▶ Work to be completed
On how many lines of these entries does the word "waarborgen" occur? State the number alone.

▶ Recorded information
▬▬▬▬▬▬

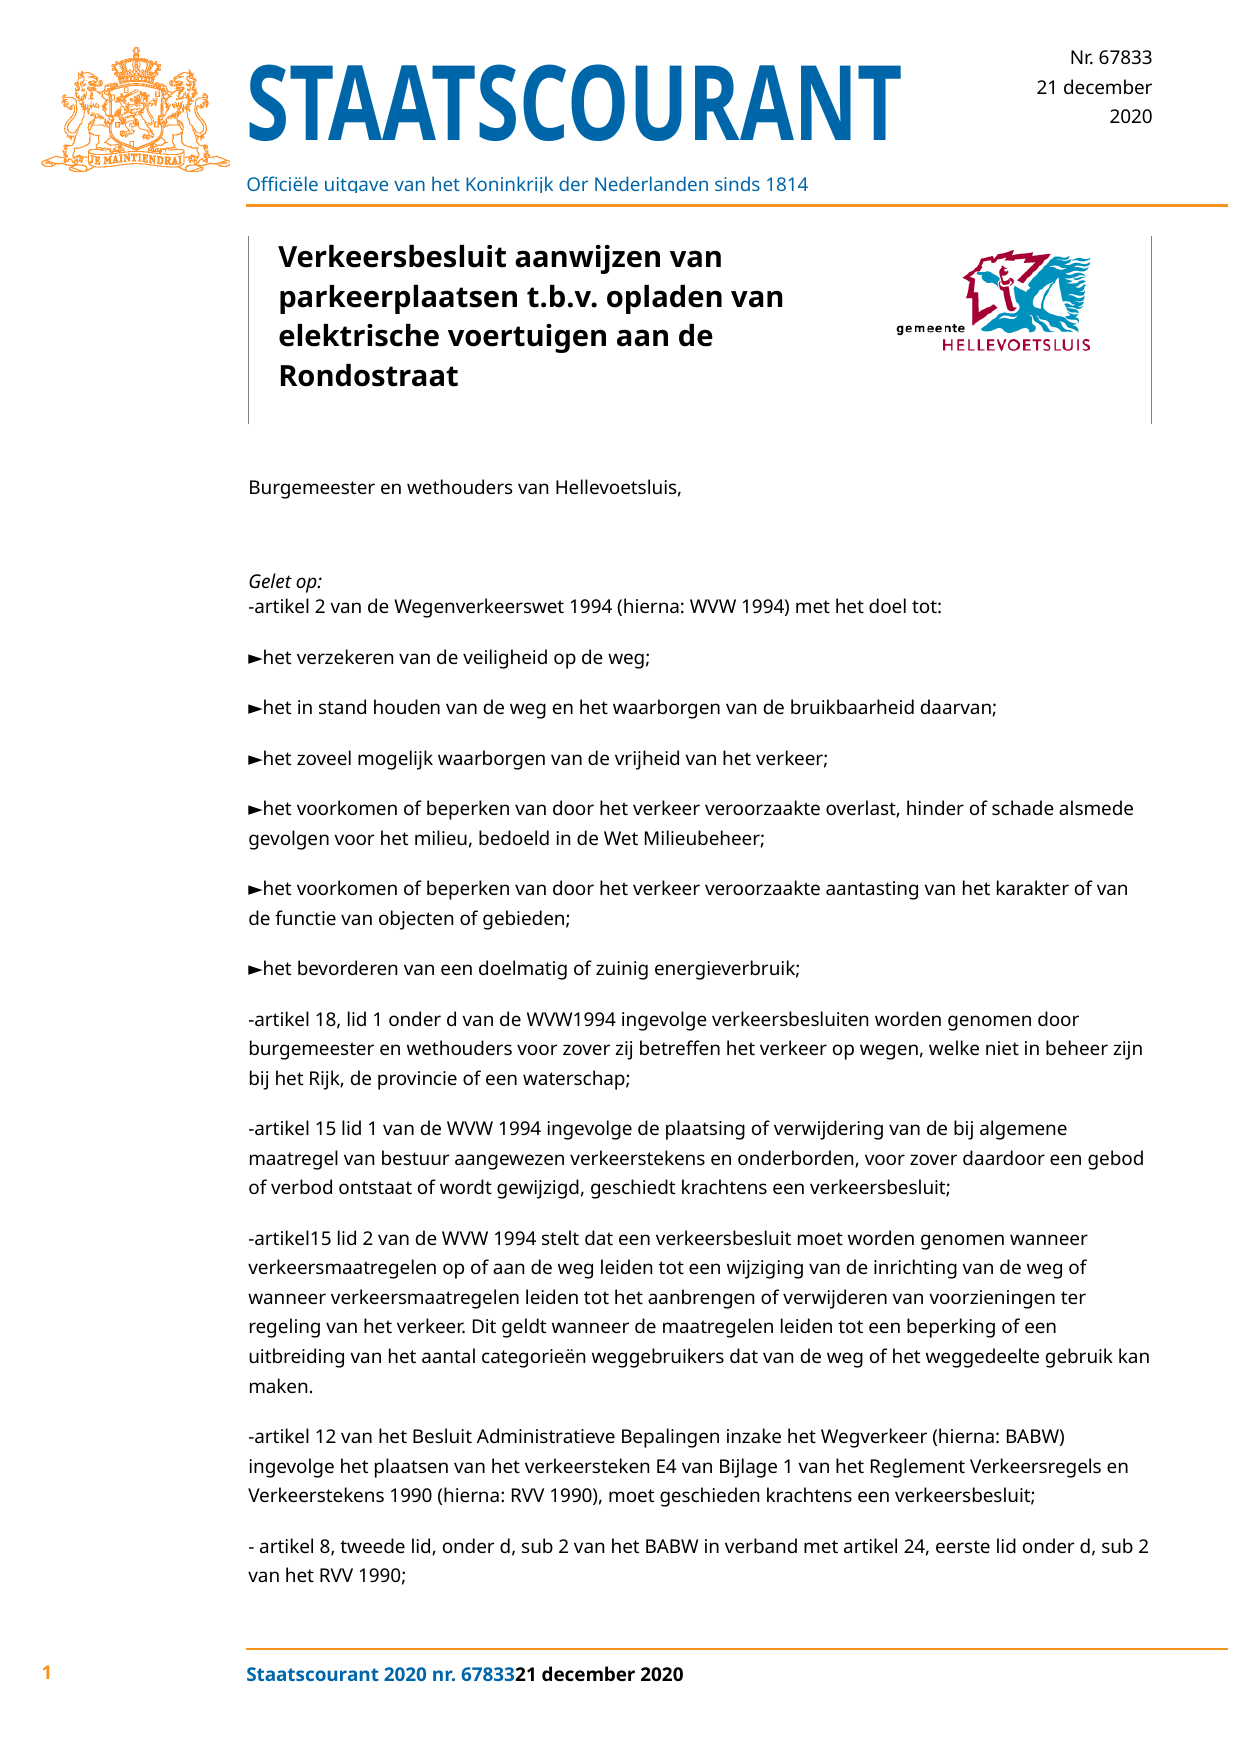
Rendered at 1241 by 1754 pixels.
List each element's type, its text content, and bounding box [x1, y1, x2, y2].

text -artikel 18, lid 1 onder d van de WVW1994 ingevolge verkeersbesluiten worden genomen door burgemeester en wethouders voor zover zij betreffen het verkeer op wegen, welke niet in beheer zijn bij het Rijk, de provincie of een waterschap; [248, 1006, 1152, 1091]
table_header [850, 236, 1151, 424]
text -artikel 15 lid 1 van de WVW 1994 ingevolge de plaatsing of verwijdering van de bij algemene maatregel van bestuur aangewezen verkeerstekens en onderborden, voor zover daardoor een gebod of verbod ontstaat of wordt gewijzigd, geschiedt krachtens een verkeersbesluit; [248, 1115, 1152, 1200]
text ►het in stand houden van de weg en het waarborgen van de bruikbaarheid daarvan; [248, 694, 1152, 720]
picture [882, 236, 1119, 374]
picture [41, 47, 231, 172]
text ►het bevorderen van een doelmatig of zuinig energieverbruik; [248, 955, 1152, 981]
text ►het verzekeren van de veiligheid op de weg; [248, 644, 1152, 670]
text - artikel 8, tweede lid, onder d, sub 2 van het BABW in verband met artikel 24, eerste lid onder d, sub 2 van het RVV 1990; [248, 1533, 1152, 1588]
table_header Verkeersbesluit aanwijzen van parkeerplaatsen t.b.v. opladen van elektrische voertuigen aan de Rondostraat [249, 236, 850, 424]
text -artikel 12 van het Besluit Administratieve Bepalingen inzake het Wegverkeer (hierna: BABW) ingevolge het plaatsen van het verkeersteken E4 van Bijlage 1 van het Reglement Verkeersregels en Verkeerstekens 1990 (hierna: RVV 1990), moet geschieden krachtens een verkeersbesluit; [248, 1423, 1152, 1508]
text ►het voorkomen of beperken van door het verkeer veroorzaakte overlast, hinder of schade alsmede gevolgen voor het milieu, bedoeld in de Wet Milieubeheer; [248, 795, 1152, 851]
text Gelet op: [248, 568, 1152, 594]
text ►het zoveel mogelijk waarborgen van de vrijheid van het verkeer; [248, 745, 1152, 771]
text ►het voorkomen of beperken van door het verkeer veroorzaakte aantasting van het karakter of van de functie van objecten of gebieden; [248, 875, 1152, 931]
text -artikel 2 van de Wegenverkeerswet 1994 (hierna: WVW 1994) met het doel tot: [248, 594, 1152, 619]
text -artikel15 lid 2 van de WVW 1994 stelt dat een verkeersbesluit moet worden genomen wanneer verkeersmaatregelen op of aan de weg leiden tot een wijziging van de inrichting van de weg of wanneer verkeersmaatregelen leiden tot het aanbrengen of verwijderen van voorzieningen ter regeling van het verkeer. Dit geldt wanneer de maatregelen leiden tot een beperking of een uitbreiding van het aantal categorieën weggebruikers dat van de weg of het weggedeelte gebruik kan maken. [248, 1225, 1152, 1398]
text Burgemeester en wethouders van Hellevoetsluis, [248, 474, 1152, 500]

▬▬▬▬▬▬

▶ Answer section
2